Source data
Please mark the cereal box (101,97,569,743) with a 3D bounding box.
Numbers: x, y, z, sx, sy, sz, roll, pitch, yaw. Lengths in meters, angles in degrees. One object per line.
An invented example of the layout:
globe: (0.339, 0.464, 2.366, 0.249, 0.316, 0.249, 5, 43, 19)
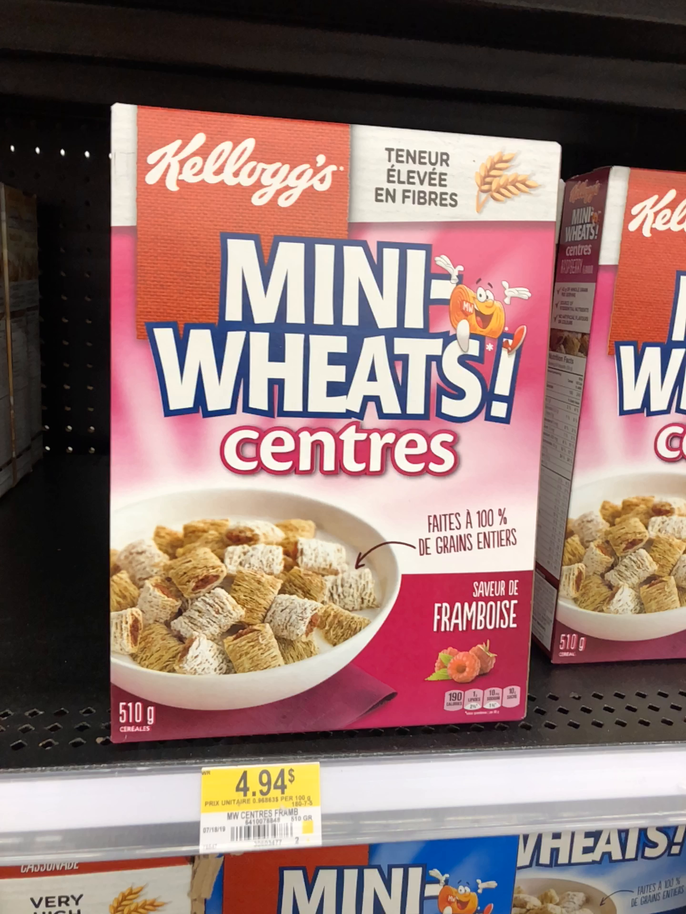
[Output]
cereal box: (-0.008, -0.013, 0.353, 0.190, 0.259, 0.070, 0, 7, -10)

--

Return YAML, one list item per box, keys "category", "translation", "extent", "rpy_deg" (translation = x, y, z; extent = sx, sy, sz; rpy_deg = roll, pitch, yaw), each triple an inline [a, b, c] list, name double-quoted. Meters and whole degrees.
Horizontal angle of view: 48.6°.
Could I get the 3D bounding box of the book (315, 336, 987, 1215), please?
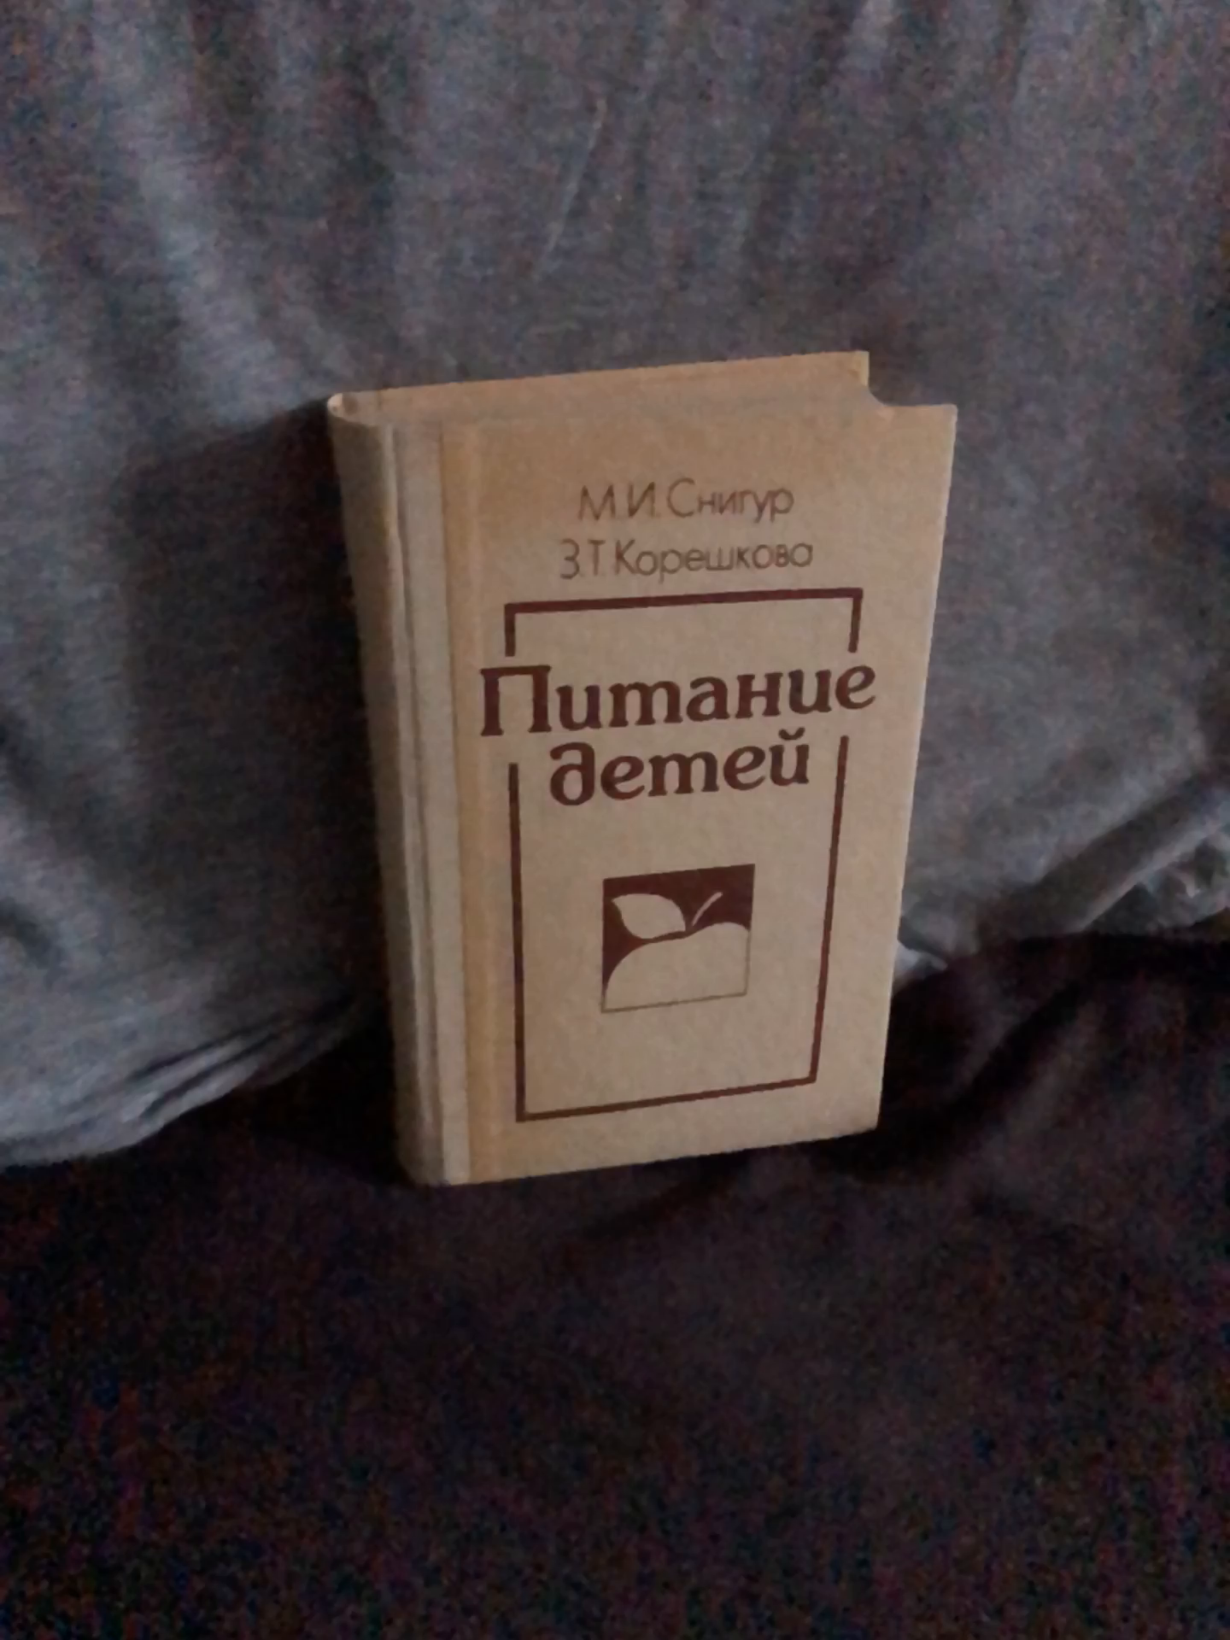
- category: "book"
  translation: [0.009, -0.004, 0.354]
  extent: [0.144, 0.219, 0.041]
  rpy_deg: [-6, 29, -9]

--

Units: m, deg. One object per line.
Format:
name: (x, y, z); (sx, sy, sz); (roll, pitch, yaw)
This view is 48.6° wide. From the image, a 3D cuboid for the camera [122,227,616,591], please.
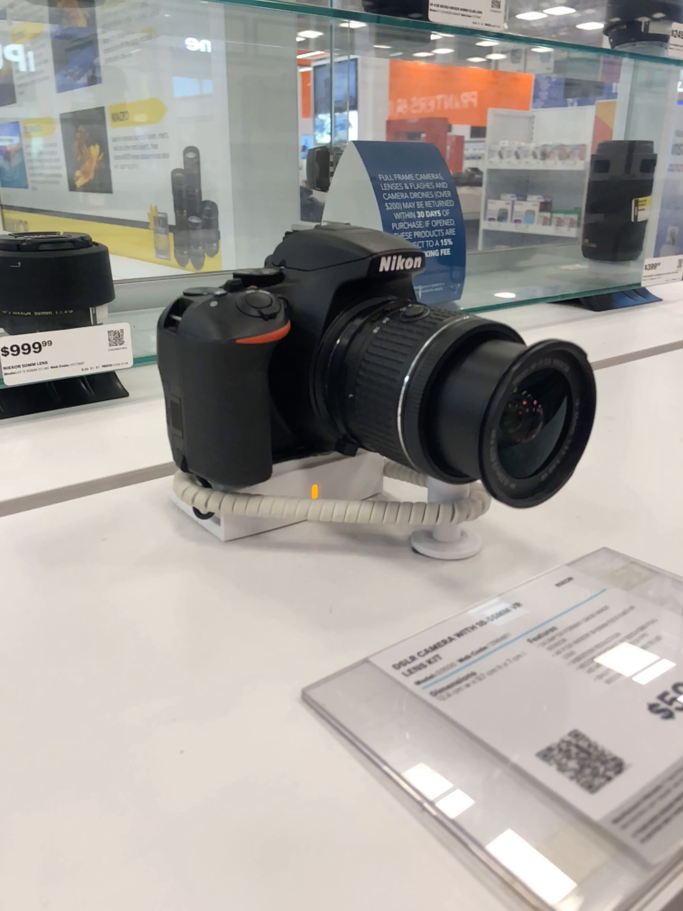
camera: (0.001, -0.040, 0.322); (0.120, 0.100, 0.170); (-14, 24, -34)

Task brief
Across these entries, count each line where the string "object" shows up. Give only the count.

Response area
2